(JTA) — Nostalgia for Jews is a well-documented phenomenon in Eastern Europe, with cultural and even substantial commercial aspects.
In Ukraine, so-called Jewish-themed restaurants with pork-heavy menus compete for tourists, while figurines of Jews are sold at markets as good luck charms. In Poland, graffiti reading “I miss you, Jew” have become a common sight.
Beyond the kitsch, Jewish cultural festivals draw large non-Jewish audiences in Krakow, Warsaw and Budapest.
Some credit this trend to a feeling of loss over the near annihilation of once-vibrant Jewish communities. Others trace it a desire to reconnect with the pre-Soviet past.
But even against this backdrop, the fake Jewish wedding that was held Saturday in the village of Radzanów, 80 miles northeast of Warsaw, stands out as a remarkable affair.
Make-believe Jewish weddings — a regular educational event in Spain and Portugal, where nostalgia for nearly-extinct Jewish communities is also prevalent — are rare in Poland (locals in the village of Bobowa organized one in 2013). Even rarer are enactments as well-produced as the one in Radzanow.
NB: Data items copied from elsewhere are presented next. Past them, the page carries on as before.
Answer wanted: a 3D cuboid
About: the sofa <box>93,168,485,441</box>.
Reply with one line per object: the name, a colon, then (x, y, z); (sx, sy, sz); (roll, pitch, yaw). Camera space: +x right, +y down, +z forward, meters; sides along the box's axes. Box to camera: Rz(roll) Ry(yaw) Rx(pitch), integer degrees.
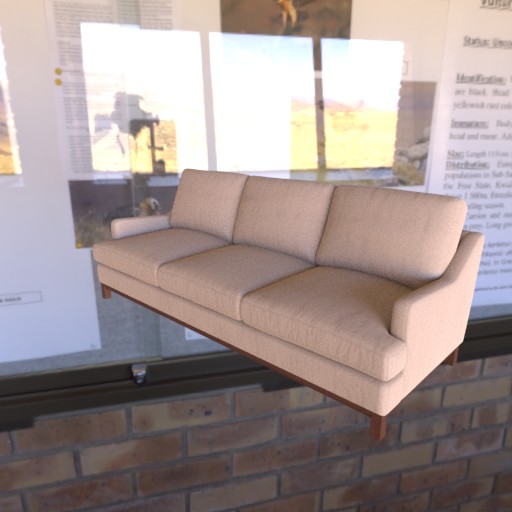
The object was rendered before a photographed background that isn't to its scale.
sofa: (0.000, 0.000, 2.745); (2.321, 0.913, 1.000); (15, 23, 41)
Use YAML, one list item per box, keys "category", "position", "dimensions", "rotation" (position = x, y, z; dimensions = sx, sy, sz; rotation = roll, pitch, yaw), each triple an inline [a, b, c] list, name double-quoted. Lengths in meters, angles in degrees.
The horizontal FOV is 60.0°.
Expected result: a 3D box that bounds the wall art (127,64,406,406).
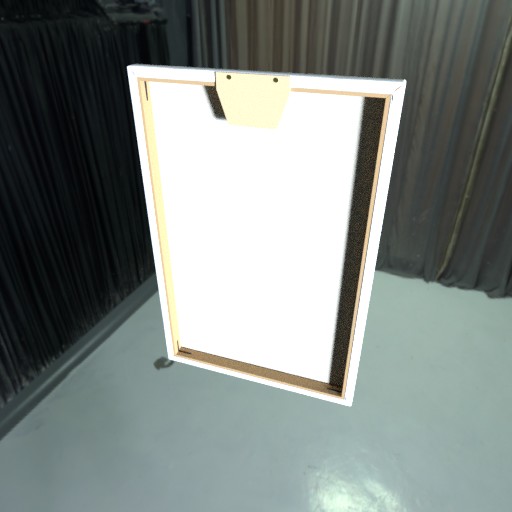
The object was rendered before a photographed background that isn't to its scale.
- category: "wall art"
  position: [0.000, 0.000, 1.161]
  dimensions: [0.602, 0.902, 0.048]
  rotation: [10, 33, 16]
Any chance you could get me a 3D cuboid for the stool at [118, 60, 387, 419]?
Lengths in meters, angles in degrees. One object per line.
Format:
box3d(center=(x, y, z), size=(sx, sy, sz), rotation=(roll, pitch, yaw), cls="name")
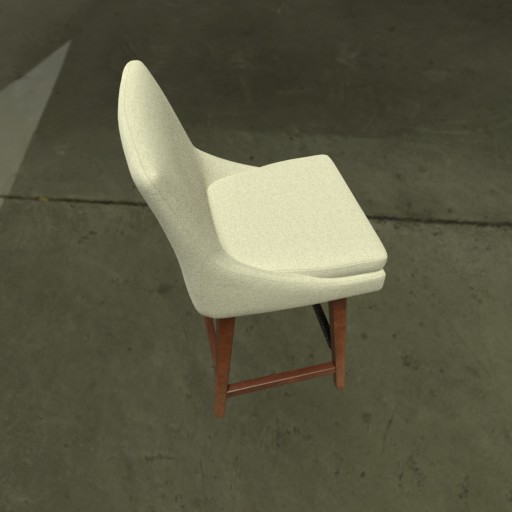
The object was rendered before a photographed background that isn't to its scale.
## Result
box3d(center=(0.000, 0.000, 1.264), size=(0.559, 0.991, 0.469), rotation=(-10, 49, -9), cls="stool")
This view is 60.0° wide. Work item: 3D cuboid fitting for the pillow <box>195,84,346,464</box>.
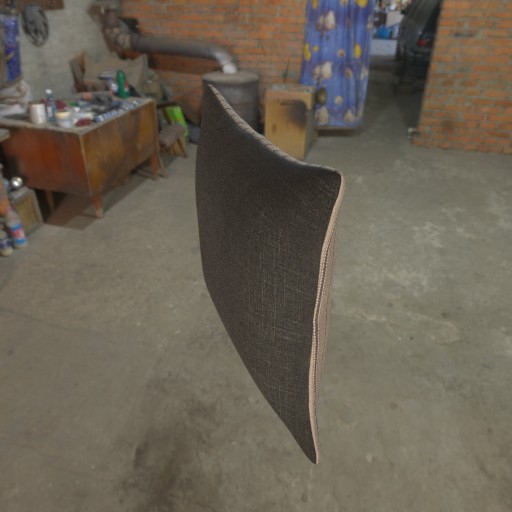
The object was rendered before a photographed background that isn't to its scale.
[{"bbox_3d":[0.000,0.000,0.705,0.138,0.444,0.468,-11,33,-18],"label":"pillow"}]
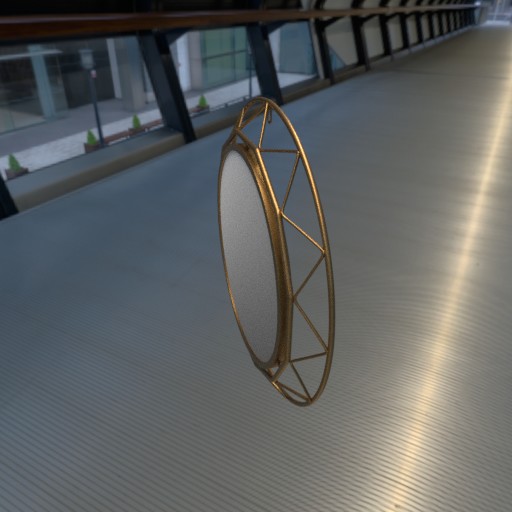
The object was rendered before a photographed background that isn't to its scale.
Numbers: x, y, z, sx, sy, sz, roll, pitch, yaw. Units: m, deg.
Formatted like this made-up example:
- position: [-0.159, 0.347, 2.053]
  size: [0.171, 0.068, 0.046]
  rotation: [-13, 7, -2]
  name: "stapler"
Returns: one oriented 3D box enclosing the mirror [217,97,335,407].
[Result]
- position: [0.000, 0.000, 0.674]
  size: [0.043, 0.454, 0.454]
  rotation: [-9, 32, -15]
  name: "mirror"
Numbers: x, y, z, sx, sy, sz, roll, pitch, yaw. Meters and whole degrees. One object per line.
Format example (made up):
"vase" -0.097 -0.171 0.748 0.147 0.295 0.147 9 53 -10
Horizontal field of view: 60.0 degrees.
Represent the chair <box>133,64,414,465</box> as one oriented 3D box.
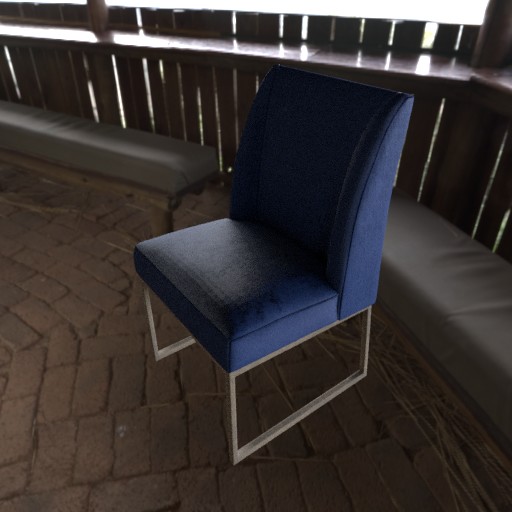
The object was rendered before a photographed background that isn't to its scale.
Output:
"chair" 0.000 0.000 1.204 0.522 0.863 0.508 -22 39 -30
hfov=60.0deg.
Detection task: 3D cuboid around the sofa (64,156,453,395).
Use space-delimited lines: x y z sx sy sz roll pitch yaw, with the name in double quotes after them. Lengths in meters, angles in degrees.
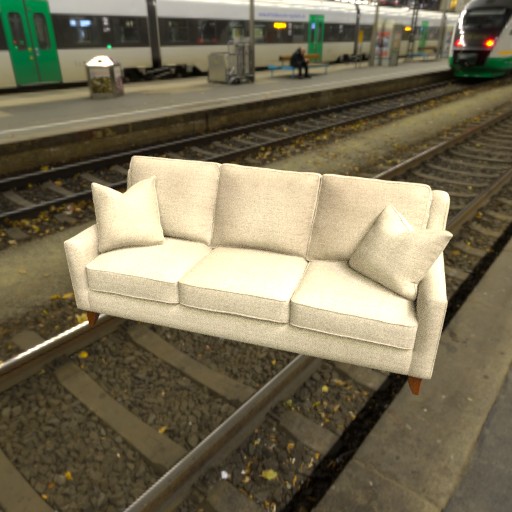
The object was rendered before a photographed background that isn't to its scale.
0.000 0.000 2.571 2.031 0.914 0.865 8 28 16 "sofa"
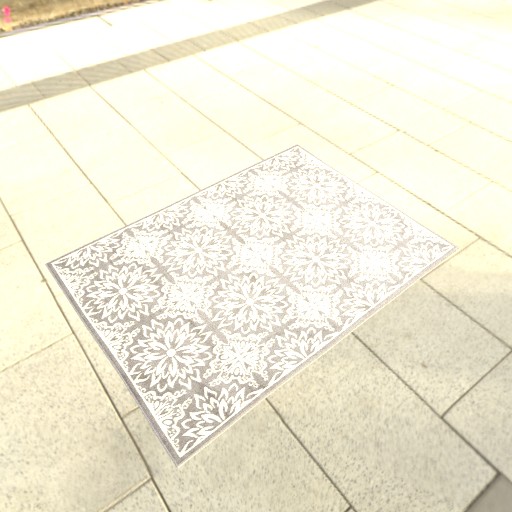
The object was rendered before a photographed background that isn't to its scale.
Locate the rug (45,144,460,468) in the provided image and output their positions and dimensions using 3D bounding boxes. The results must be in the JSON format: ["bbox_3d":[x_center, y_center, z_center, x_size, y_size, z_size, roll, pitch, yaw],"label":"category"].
[{"bbox_3d":[0.000,0.000,2.912,2.213,0.014,1.608,-30,54,-25],"label":"rug"}]
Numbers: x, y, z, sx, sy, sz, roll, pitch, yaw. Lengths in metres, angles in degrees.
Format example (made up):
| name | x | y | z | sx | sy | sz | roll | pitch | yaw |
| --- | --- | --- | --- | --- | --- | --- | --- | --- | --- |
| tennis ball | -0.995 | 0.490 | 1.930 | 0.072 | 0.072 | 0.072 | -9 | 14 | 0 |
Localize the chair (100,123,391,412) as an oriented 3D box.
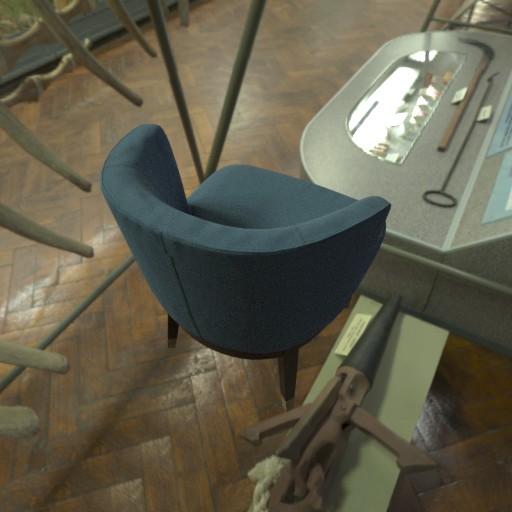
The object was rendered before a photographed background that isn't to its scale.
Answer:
| name | x | y | z | sx | sy | sz | roll | pitch | yaw |
| --- | --- | --- | --- | --- | --- | --- | --- | --- | --- |
| chair | 0.000 | 0.000 | 1.282 | 0.661 | 0.760 | 0.702 | 22 | 50 | 20 |
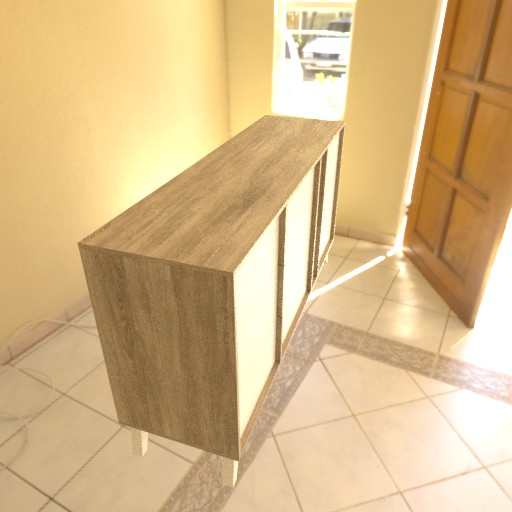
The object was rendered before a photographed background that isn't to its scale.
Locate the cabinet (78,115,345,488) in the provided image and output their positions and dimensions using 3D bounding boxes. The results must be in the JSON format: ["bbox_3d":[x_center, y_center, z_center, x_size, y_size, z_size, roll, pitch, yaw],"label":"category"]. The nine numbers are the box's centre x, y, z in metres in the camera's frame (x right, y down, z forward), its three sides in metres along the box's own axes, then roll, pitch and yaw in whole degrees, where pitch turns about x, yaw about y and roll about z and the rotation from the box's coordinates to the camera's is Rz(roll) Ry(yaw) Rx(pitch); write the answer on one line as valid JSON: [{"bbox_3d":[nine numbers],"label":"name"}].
[{"bbox_3d":[0.000,0.000,1.992,0.450,0.870,1.600,10,32,17],"label":"cabinet"}]

Organized by the Radzanovia Association, a cultural group promoting Polish heritage, the event featured a few dozen non-Jewish volunteers, men and women, dressed in traditional haredi costumes. Some men wore fake beards and side curls – including ones that didn’t match their natural hair color.
Portraying the groom was Piotr Czaplicki, a journalist for the Radia dla Ciebie station. Czaplicki, who is not Jewish, got under a chuppah – the canopy used in traditional Jewish weddings — together with his make-believe bride, Julia Brzezińska, a local resident. They were “wed” by a fake rabbi in a show before villagers, whom the event’s organizers sought to teach about Jewish traditions.
To Jonny Daniels, the London-born founder of From the Depths, which promotes Holocaust commemoration in Poland, events like the one in Radzanów are “some kind of therapy taking place all over the country.”
But the event’s producer, Agnieszka Rychcik-Nowakowska, sees it as a way of commemorating the hundreds of Jews who had accounted for approximately half of her village’s population before the Holocaust.
“We want to remember all those homes of all pre-war Jews, who lived a peaceful life punctuated by the rhythm of holidays, family celebrations and more mundane events,” she told the news site Nasza Mlawa.
Jews first settled in Radzanów in 1710, and at their peak numbered about 500. By September 1939, when the Germans took over, the population had dipped below 300. Nearly all who remained would be sent to the Mlawa ghetto, never to return.
“We remember those who lived here before us and entered the memory of our grandmothers and grandparents. It was so recently,” said Rychcik-Nowakowska.
Elsewhere in Europe, Jewish-themed festivals are more common , bringing together hundreds of participants. There too, Jewish-themed events are held in the absence of a living, breathing Jewish community thanks to nostalgia and a desire to generate tourism revenue.
But in Spain and Portugal, for example, where hundreds of thousands of Jews were oppressed 500 years ago during the Inquisition, the passage of time has made goodwill gestures toward Jews less complicated than in the east. In 2013, Spain and Portugal even passed laws granting citizenship to descendants of Sephardic Jews – a move whose generosity contrasts sharply with the refusal by Poland and other East European countries to offer even partial restitution for property that was stolen from Jewish communities.
At the fake wedding in Radzanów, organizers turned to Teresa Wrońska, an actress from the Jewish Theater in Warsaw, to assure the wedding’s authenticity. She choreographed the entire affair — from the signing of the ketubah (the Jewish marriage contract) to the traditional Jewish music played by a band of locals and musicians from the capital.
Even the POLIN Jewish museum of Warsaw was consulted in staging the event, according to Nasza Mlawa.
The wedding is not the only attempt by Radzanów locals to reconnect with their village’s lost Jewish heritage. Last year, a high school student from the region, Cuba Balinski, initiated a project aimed at rededicating and reopening the village’s abandoned synagogue – a small but beautiful Moorish-style building that miraculously survived the Nazi occupation.
Balinski, who has secured the cooperation of the Foundation for the Preservation of Jewish Heritage in Poland for his project but is still looking for investors, is adamant about restoring the synagogue to a house of worship rather than having it turn into museum.
“If there is no Torah in the synagogue, than it is still just a building,” he told the news site Gosc Plocki. “But if we bring the holy book back, it will come back to life.”